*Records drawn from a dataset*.
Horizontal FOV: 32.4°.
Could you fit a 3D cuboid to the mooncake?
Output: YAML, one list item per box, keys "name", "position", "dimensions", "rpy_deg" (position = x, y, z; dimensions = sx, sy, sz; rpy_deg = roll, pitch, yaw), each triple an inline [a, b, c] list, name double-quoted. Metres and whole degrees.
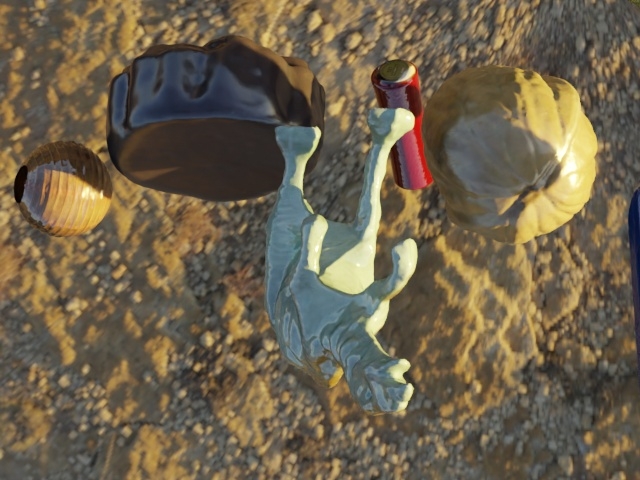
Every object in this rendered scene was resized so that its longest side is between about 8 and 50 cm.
- name: "mooncake"
  position: [-0.132, -0.158, 1.396]
  dimensions: [0.283, 0.283, 0.141]
  rpy_deg: [-8, 70, 16]

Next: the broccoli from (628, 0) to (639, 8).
- name: "broccoli"
  position: [0.325, -0.379, 1.415]
  dimensions: [0.361, 0.221, 0.252]
  rpy_deg: [45, 139, -15]

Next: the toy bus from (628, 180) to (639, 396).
- name: "toy bus"
  position: [0.391, 0.067, 1.051]
  dimensions: [0.175, 0.138, 0.287]
  rpy_deg: [-2, 69, 9]

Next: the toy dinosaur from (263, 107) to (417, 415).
- name: "toy dinosaur"
  position: [0.000, 0.000, 0.845]
  dimensions: [0.092, 0.393, 0.205]
  rpy_deg: [4, 94, -19]

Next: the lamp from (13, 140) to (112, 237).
- name: "lamp"
  position: [-0.351, -0.070, 1.510]
  dimensions: [0.136, 0.136, 0.136]
  rpy_deg: [4, 109, 12]

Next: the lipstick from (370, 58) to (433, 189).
- name: "lipstick"
  position: [0.142, -0.192, 1.858]
  dimensions: [0.080, 0.080, 0.241]
  rpy_deg: [-2, 136, 14]

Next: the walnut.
- name: "walnut"
  position: [0.233, -0.114, 1.388]
  dimensions: [0.225, 0.261, 0.225]
  rpy_deg: [-2, 114, -5]
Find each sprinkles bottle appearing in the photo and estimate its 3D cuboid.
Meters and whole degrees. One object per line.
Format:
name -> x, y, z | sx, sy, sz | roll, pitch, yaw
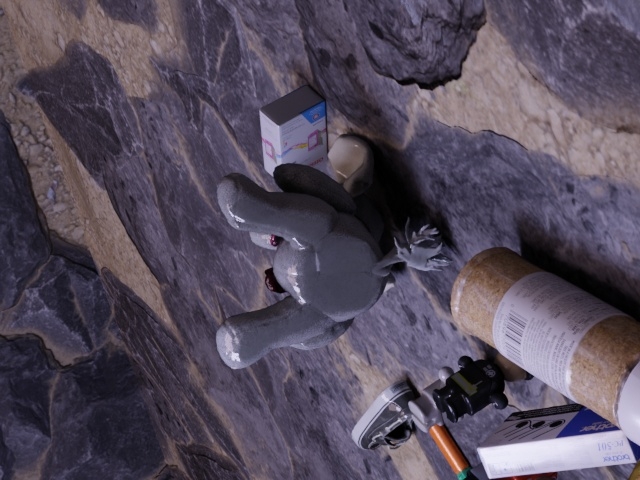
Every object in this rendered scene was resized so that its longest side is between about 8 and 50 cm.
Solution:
sprinkles bottle -> 0.299, 0.120, 1.669 | 0.355, 0.121, 0.121 | 33, 144, 51

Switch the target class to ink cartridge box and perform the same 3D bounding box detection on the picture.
ink cartridge box -> -0.038, -0.154, 2.133 | 0.052, 0.088, 0.122 | 43, 152, 33
ink cartridge box -> 0.298, 0.233, 1.725 | 0.207, 0.097, 0.046 | -15, 103, 41

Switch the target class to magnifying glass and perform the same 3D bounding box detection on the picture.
magnifying glass -> 0.234, 0.375, 2.237 | 0.231, 0.026, 0.092 | 56, 157, 11

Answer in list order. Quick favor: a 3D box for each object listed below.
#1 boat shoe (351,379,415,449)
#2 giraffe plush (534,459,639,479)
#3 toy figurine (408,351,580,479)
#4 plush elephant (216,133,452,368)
boat shoe -> 0.108, 0.304, 2.355 | 0.070, 0.077, 0.219 | 56, 155, 18
giraffe plush -> 0.324, 0.340, 1.711 | 0.170, 0.181, 0.210 | 11, 120, 12
toy figurine -> 0.238, 0.249, 1.936 | 0.213, 0.148, 0.209 | 58, 163, 5
plush elephant -> 0.000, 0.000, 2.047 | 0.255, 0.329, 0.272 | -114, 17, -73
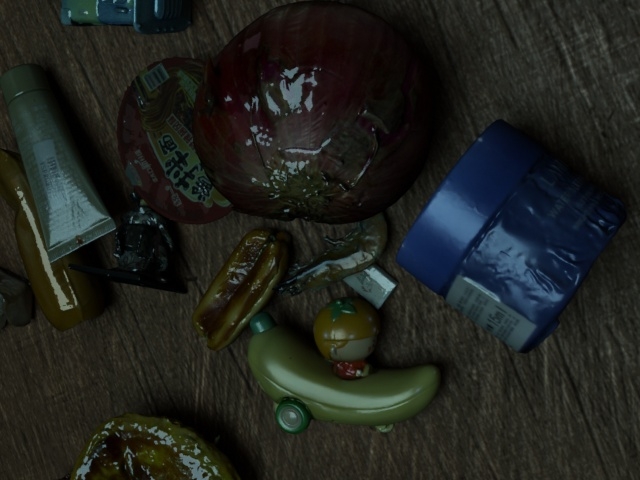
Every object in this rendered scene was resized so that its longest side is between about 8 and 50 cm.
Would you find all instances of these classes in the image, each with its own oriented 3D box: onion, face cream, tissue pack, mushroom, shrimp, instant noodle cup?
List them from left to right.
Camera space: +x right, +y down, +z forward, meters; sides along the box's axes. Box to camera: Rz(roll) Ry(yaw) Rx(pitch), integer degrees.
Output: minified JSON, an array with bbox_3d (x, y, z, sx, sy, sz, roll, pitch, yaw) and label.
[{"bbox_3d":[-0.691,0.128,1.980,0.236,0.173,0.162,23,115,20],"label":"mushroom"},{"bbox_3d":[-0.467,-0.142,1.795,0.137,0.084,0.341,-26,76,12],"label":"face cream"},{"bbox_3d":[-0.200,-0.167,1.688,0.274,0.090,0.274,7,106,25],"label":"instant noodle cup"},{"bbox_3d":[-0.015,-0.173,1.454,0.353,0.353,0.354,7,107,26],"label":"onion"},{"bbox_3d":[0.000,0.000,1.631,0.219,0.046,0.152,-31,75,19],"label":"shrimp"},{"bbox_3d":[0.068,0.055,1.645,0.108,0.023,0.056,39,116,13],"label":"tissue pack"},{"bbox_3d":[0.261,-0.004,1.403,0.225,0.249,0.249,37,117,9],"label":"face cream"}]

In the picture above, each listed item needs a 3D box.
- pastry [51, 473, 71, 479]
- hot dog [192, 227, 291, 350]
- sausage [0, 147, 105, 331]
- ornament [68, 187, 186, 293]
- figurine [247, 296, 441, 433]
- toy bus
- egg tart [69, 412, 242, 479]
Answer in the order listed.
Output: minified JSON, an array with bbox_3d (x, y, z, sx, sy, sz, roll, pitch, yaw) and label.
[{"bbox_3d":[-0.440,0.533,1.996,0.208,0.115,0.097,17,123,21],"label":"pastry"},{"bbox_3d":[-0.128,0.082,1.731,0.100,0.068,0.249,47,117,21],"label":"hot dog"},{"bbox_3d":[-0.498,-0.013,1.870,0.354,0.116,0.134,69,165,-3],"label":"sausage"},{"bbox_3d":[-0.308,-0.019,1.798,0.166,0.153,0.196,9,84,25],"label":"ornament"},{"bbox_3d":[0.035,0.193,1.650,0.324,0.124,0.222,3,101,24],"label":"figurine"},{"bbox_3d":[-0.308,-0.490,1.625,0.190,0.152,0.312,11,107,25],"label":"toy bus"},{"bbox_3d":[-0.278,0.466,1.856,0.351,0.153,0.339,39,103,4],"label":"egg tart"}]
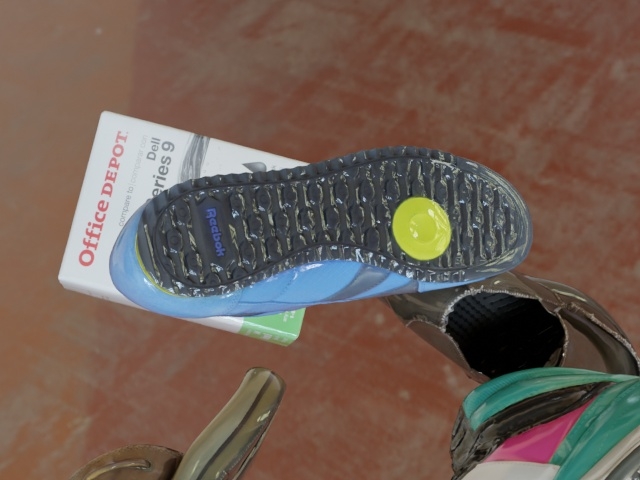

*Work instructions*. Your answer should be the lines from the opening of the records through the line with "name -> x, y, z", both ends retyped exactly and pictures left out.

*Answer space*.
Horizontal FOV: 32.4°.
Could you fit a 3D cuboid to the mooncake?
Output: YAML, one list item per box, keys "name", "position", "dimensions", "rpy_deg" (position = x, y, z; dimensions = sx, sy, sz; rpy_deg = roll, pitch, yaw), each triple an inline [a, b, c] list, name double-quoted. Metres and whole degrees.
Every object in this rendered scene was resized so that its longest side is between about 8 and 50 cm.
- name: "mooncake"
  position: [-0.132, -0.158, 1.396]
  dimensions: [0.283, 0.283, 0.141]
  rpy_deg: [-8, 70, 16]

Next: the broccoli from (628, 0) to (639, 8).
- name: "broccoli"
  position: [0.325, -0.379, 1.415]
  dimensions: [0.361, 0.221, 0.252]
  rpy_deg: [45, 139, -15]

Next: the toy bus from (628, 180) to (639, 396).
- name: "toy bus"
  position: [0.391, 0.067, 1.051]
  dimensions: [0.175, 0.138, 0.287]
  rpy_deg: [-2, 69, 9]

Next: the toy dinosaur from (263, 107) to (417, 415).
- name: "toy dinosaur"
  position: [0.000, 0.000, 0.845]
  dimensions: [0.092, 0.393, 0.205]
  rpy_deg: [4, 94, -19]

Next: the lamp from (13, 140) to (112, 237).
- name: "lamp"
  position: [-0.351, -0.070, 1.510]
  dimensions: [0.136, 0.136, 0.136]
  rpy_deg: [4, 109, 12]

Next: the lipstick from (370, 58) to (433, 189).
- name: "lipstick"
  position: [0.142, -0.192, 1.858]
  dimensions: [0.080, 0.080, 0.241]
  rpy_deg: [-2, 136, 14]

Next: the walnut.
- name: "walnut"
  position: [0.233, -0.114, 1.388]
  dimensions: [0.225, 0.261, 0.225]
  rpy_deg: [-2, 114, -5]
Find each sprinkles bottle appearing in the photo and estimate its 3D cuboid.
Meters and whole degrees. One object per line.
Format:
name -> x, y, z | sx, sy, sz | roll, pitch, yaw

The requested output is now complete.